_SUPPLIED MATERIAL_:
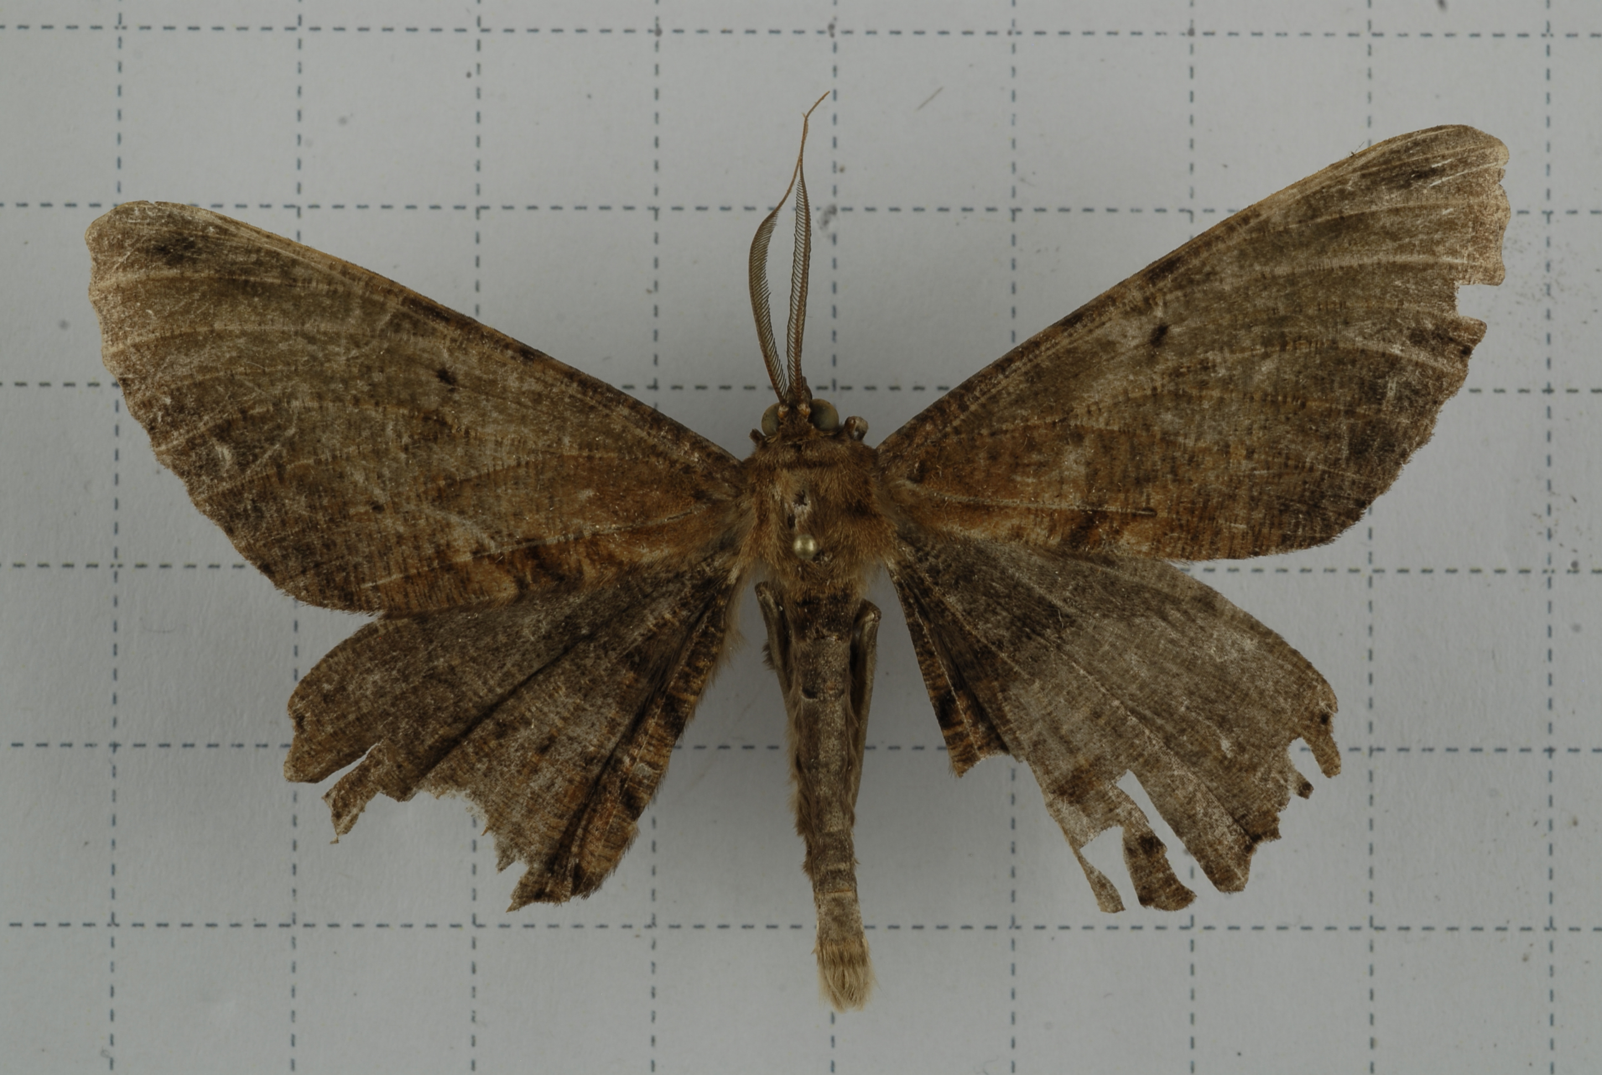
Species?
Chorodna creataria
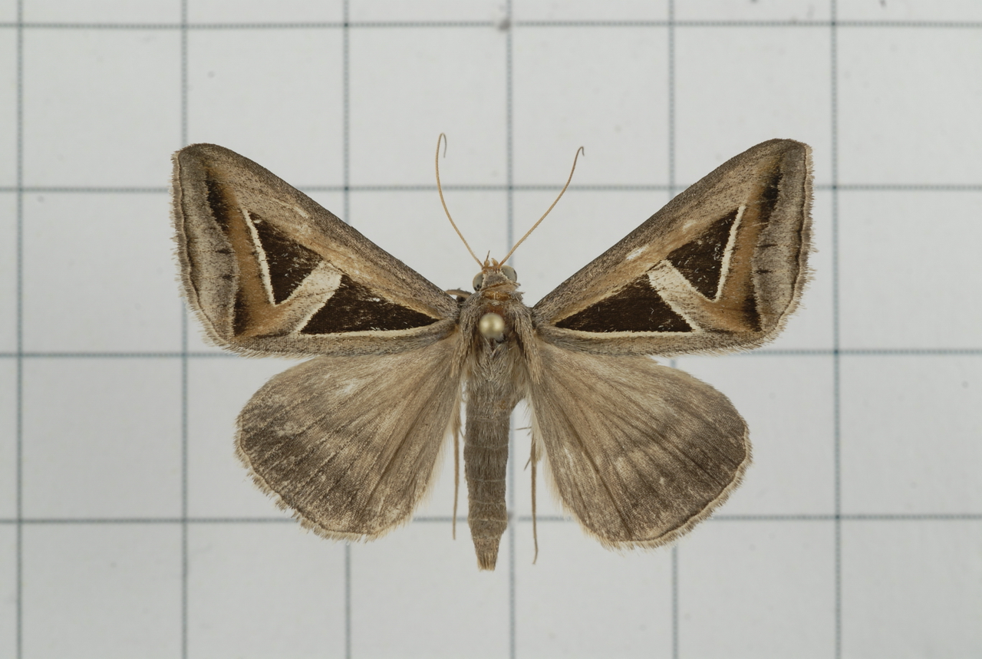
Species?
Trigonodes hyppasia
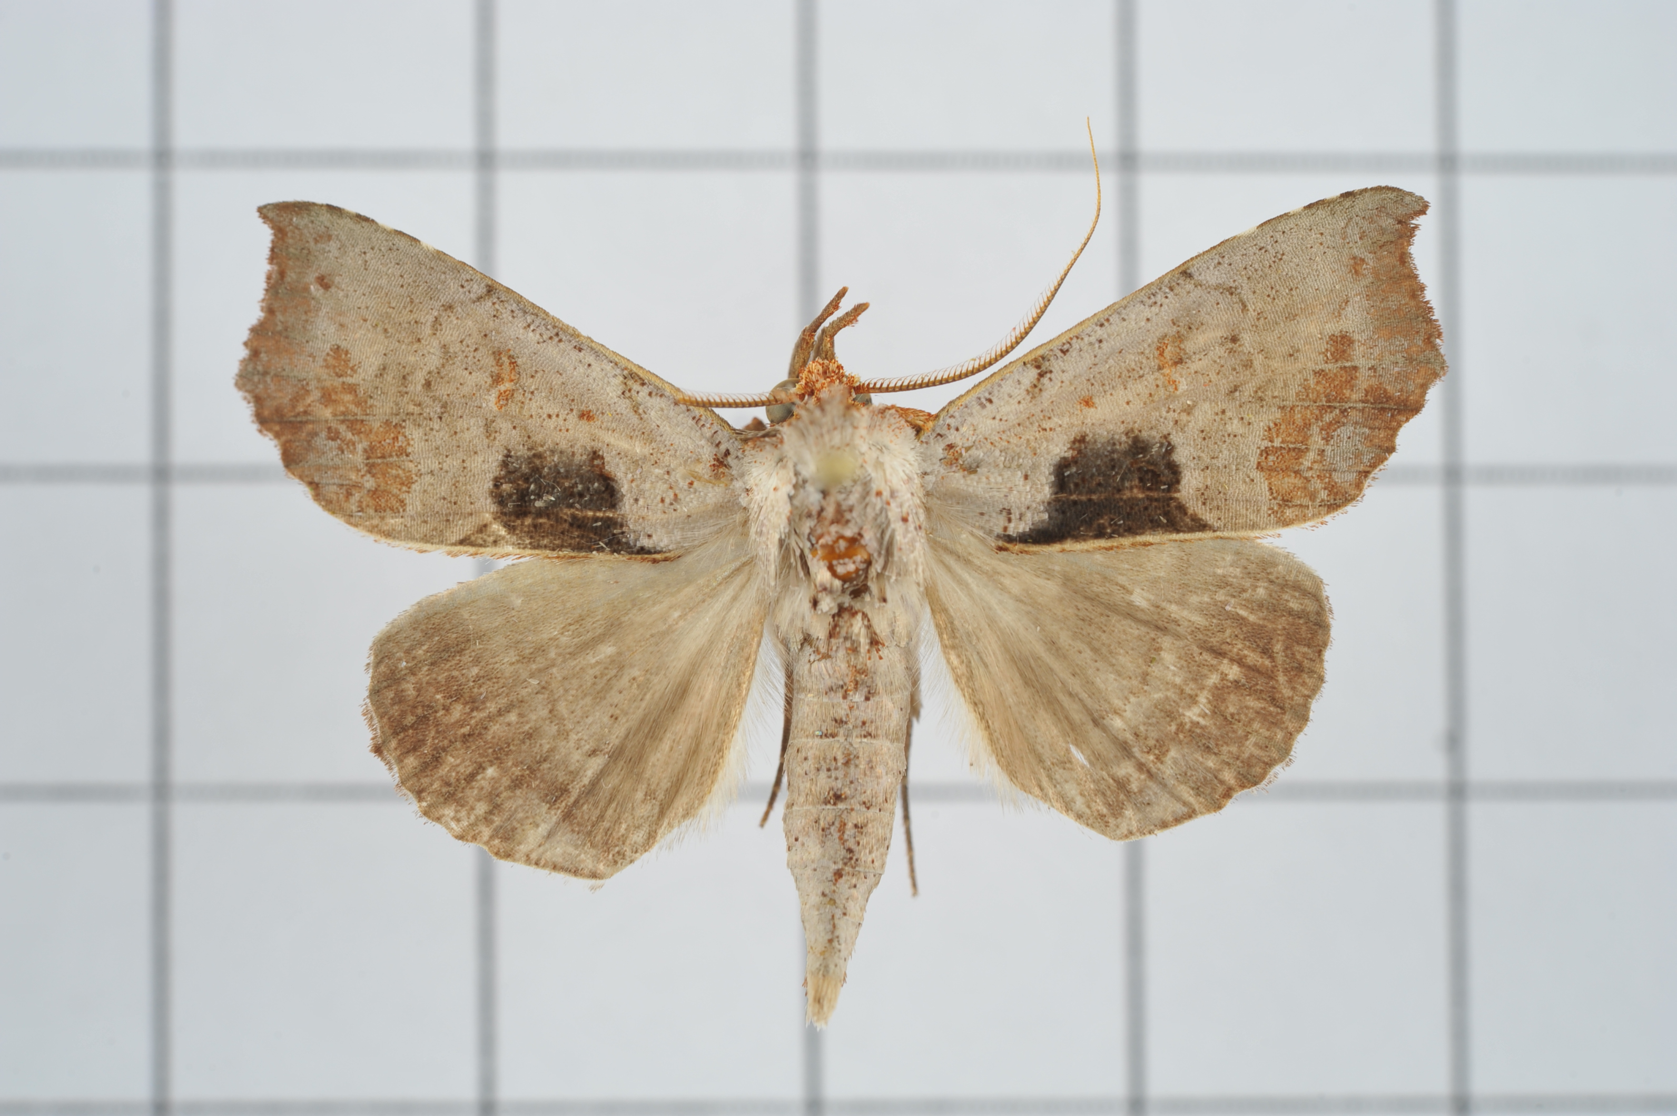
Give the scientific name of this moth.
Hyperlopha compactilis
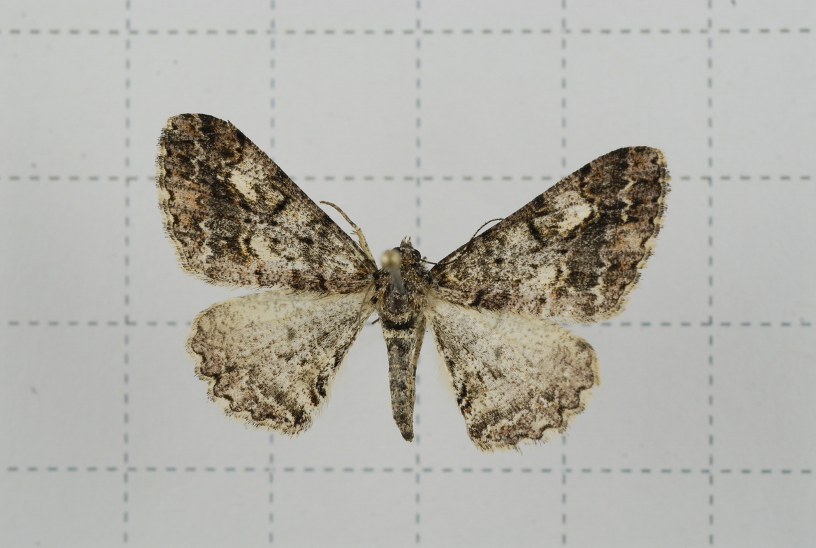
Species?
Alcis taiwanovariegata

_YOUR GOAL_: Please copy the preceding records exactly and omit the images.

_ANSWER BELOW_:
Species?
Chorodna creataria
Species?
Trigonodes hyppasia
Give the scientific name of this moth.
Hyperlopha compactilis
Species?
Alcis taiwanovariegata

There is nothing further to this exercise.